This Spitzer false-color image is a composite of data from the 24 micron
channel of Spitzer's multiband imaging photometer (red), and three channels
of its infrared array camera: 8 micron (yellow), 5.6 micron (blue), and 4.8
micron (green). Stars are most prominent in the two shorter wavelengths,
causing them to show up as turquoise. The supernova remnant is most
prominent at 24 microns, arising from dust that has been heated by the
supernova shock wave, and re-radiated in the infrared. The 8 micron
data shows infrared emission from regions closely associated with the
optically emitting regions.
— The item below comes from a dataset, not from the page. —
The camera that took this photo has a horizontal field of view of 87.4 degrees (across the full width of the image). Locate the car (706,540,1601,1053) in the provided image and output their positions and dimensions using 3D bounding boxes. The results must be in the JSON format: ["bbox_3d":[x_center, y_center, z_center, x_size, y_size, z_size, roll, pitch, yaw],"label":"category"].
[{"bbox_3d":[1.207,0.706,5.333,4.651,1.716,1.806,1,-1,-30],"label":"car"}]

These are the densest regions being encountered
by the shock wave, and probably arose from condensations in the
surrounding material that was lost by the supernova star before it exploded.
The composite above (PIA06908, PIA06909, and PIA06910 represent views of Kepler's supernova remnant
taken in X-rays, visible light, and infrared radiation.
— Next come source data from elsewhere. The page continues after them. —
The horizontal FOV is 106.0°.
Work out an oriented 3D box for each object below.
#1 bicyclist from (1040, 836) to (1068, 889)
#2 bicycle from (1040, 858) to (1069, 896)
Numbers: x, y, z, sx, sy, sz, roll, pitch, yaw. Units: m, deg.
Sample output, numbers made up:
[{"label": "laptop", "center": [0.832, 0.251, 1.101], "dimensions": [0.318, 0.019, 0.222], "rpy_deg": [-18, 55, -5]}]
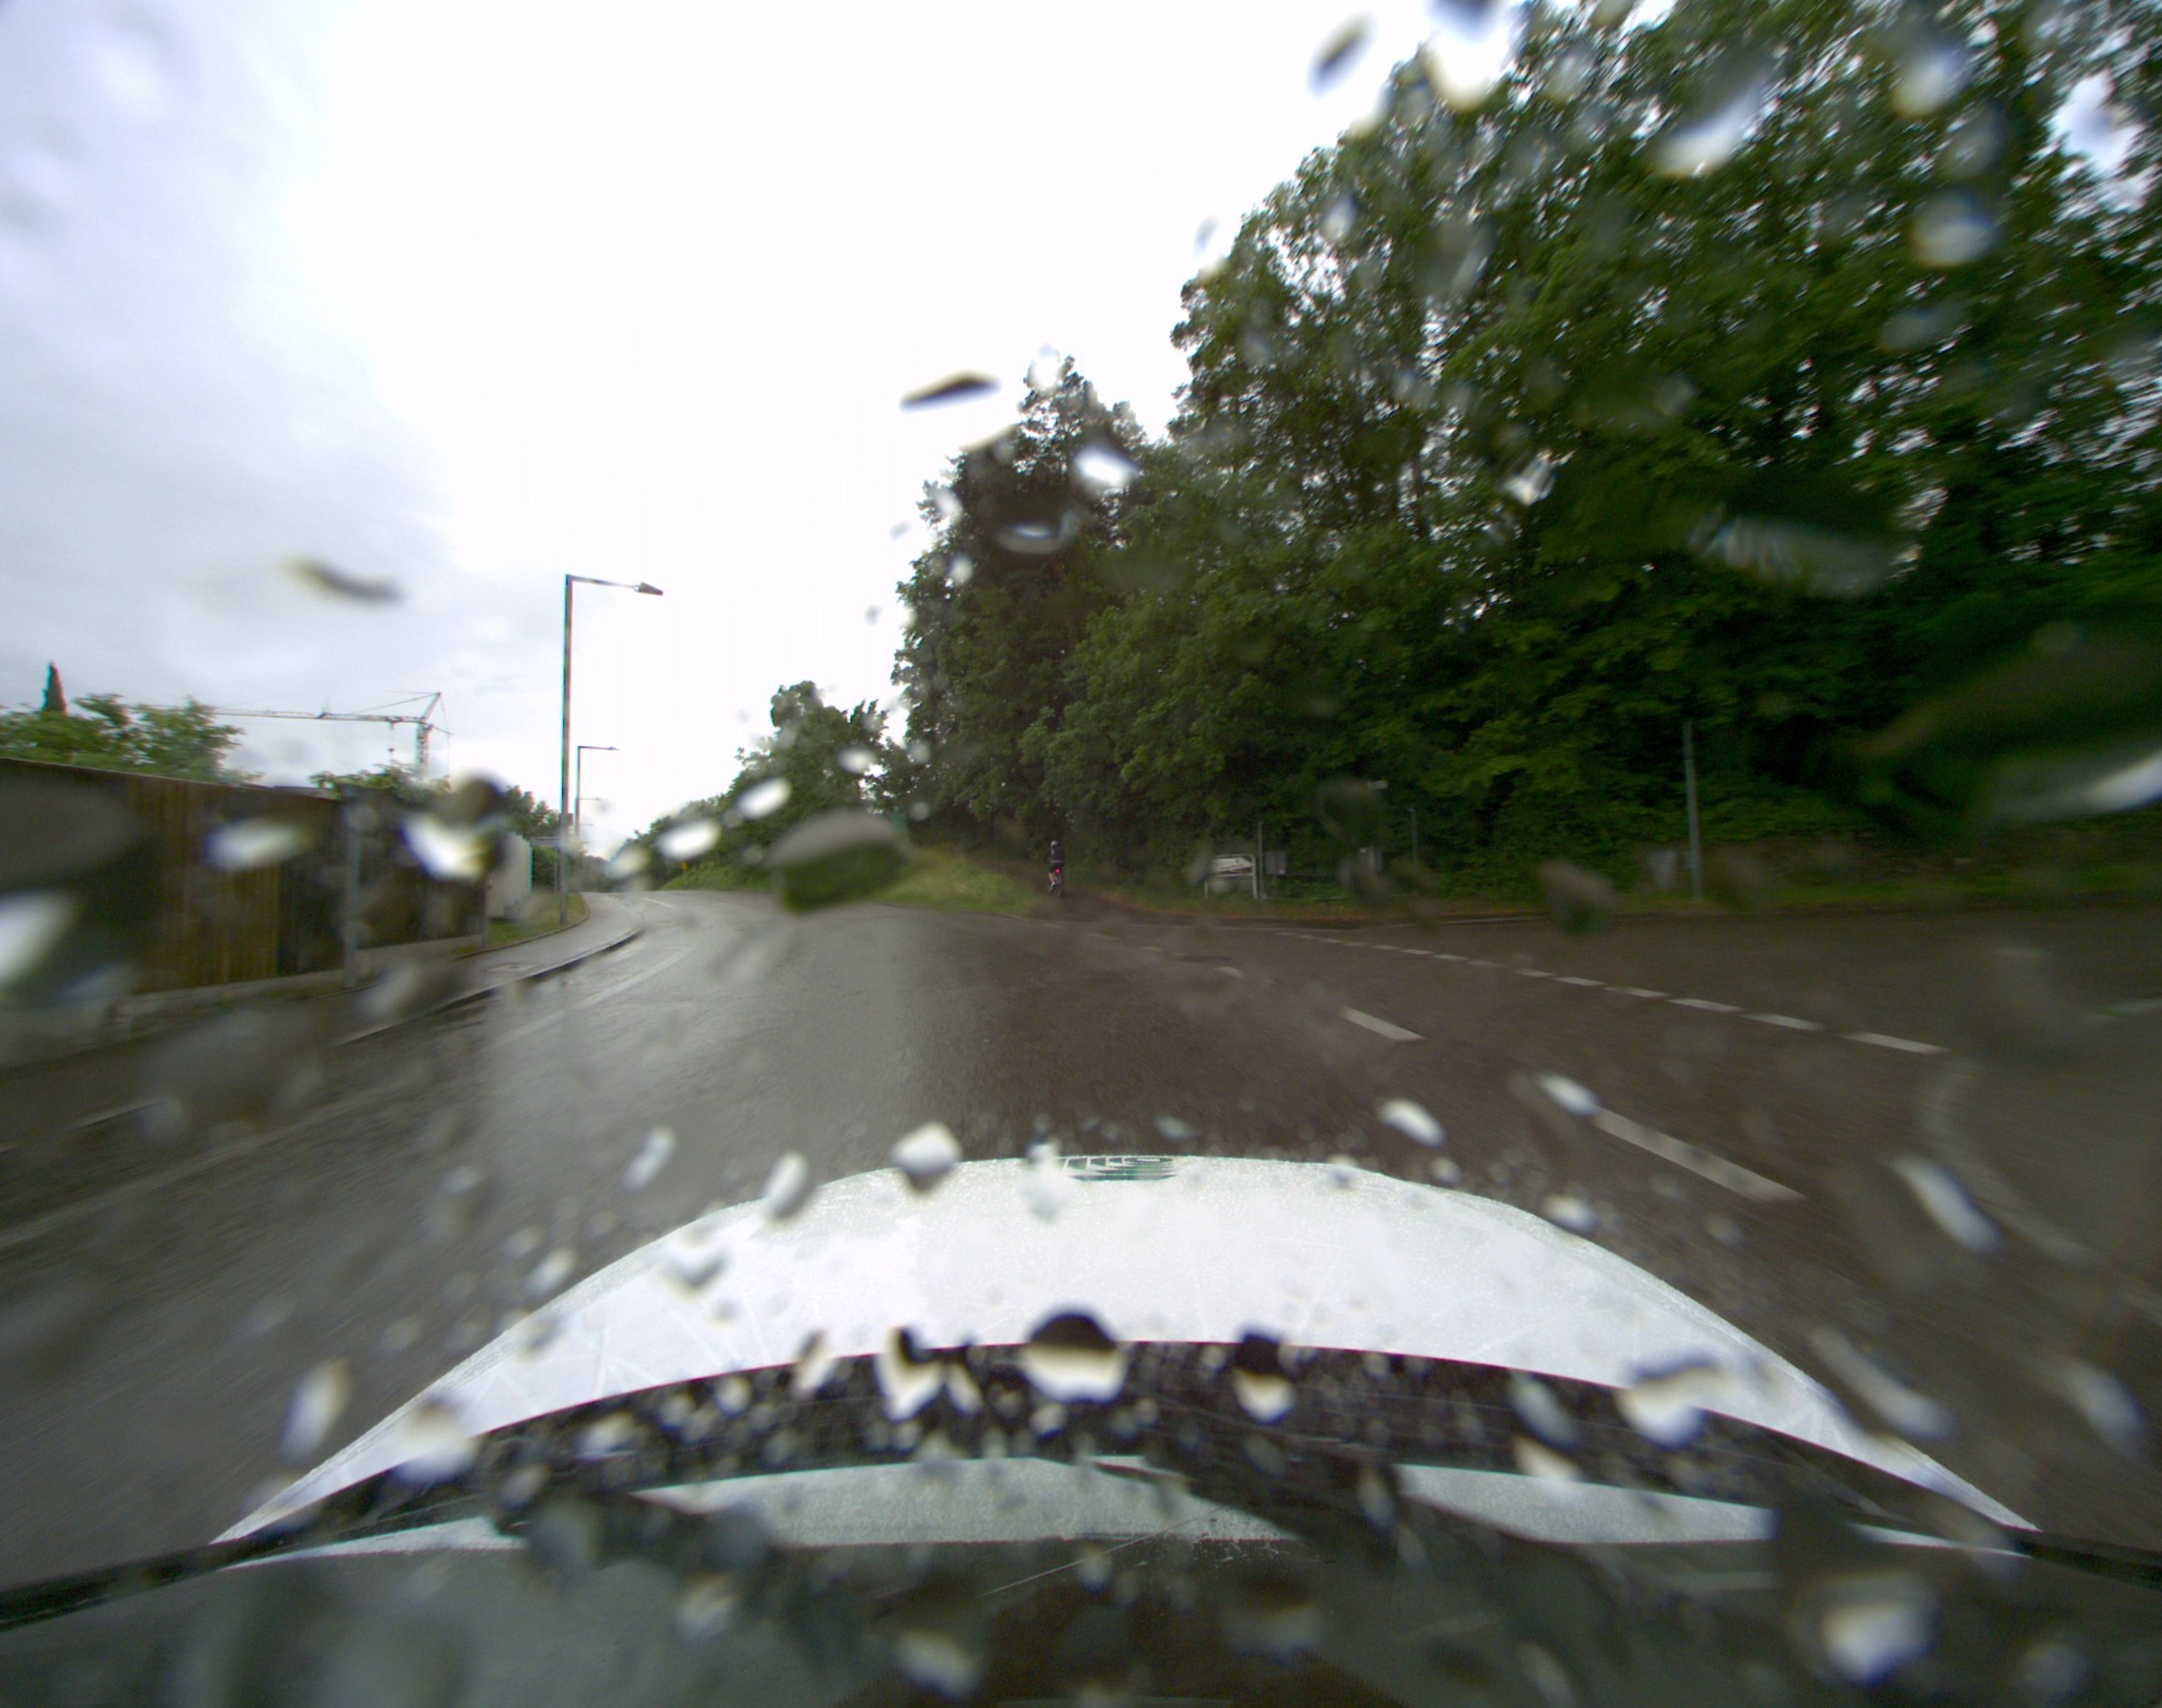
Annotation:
[{"label": "bicyclist", "center": [-0.860, 0.251, 26.030], "dimensions": [0.721, 1.614, 0.901], "rpy_deg": [-1, 4, -15]}, {"label": "bicycle", "center": [-0.863, 0.718, 26.058], "dimensions": [0.528, 1.084, 1.612], "rpy_deg": [-1, 4, -17]}]

Each top panel in the composite above shows the entire remnant. Each color
in the composite represents a different region of the electromagnetic
spectrum, from X-rays to infrared light. The X-ray and infrared data
cannot be seen with the human eye. Astronomers have color-coded those
data so they can be seen in these images.
The bottom panels are close-up views of the remnant. In the bottom, center
image, Hubble sees fine details in the brightest, densest areas of gas.
The region seen in these images is outlined in the top, center panel.
The images indicate that the bubble of gas that makes up the supernova
remnant appears different in various types of light. Chandra reveals the
hottest gas [colored blue and colored green], which radiates in X-rays.
The blue color represents the higher-energy gas; the green, the
lower-energy gas. Hubble shows the brightest, densest gas [colored
yellow], which appears in visible light. Spitzer unveils heated dust
[colored red], which radiates in infrared light.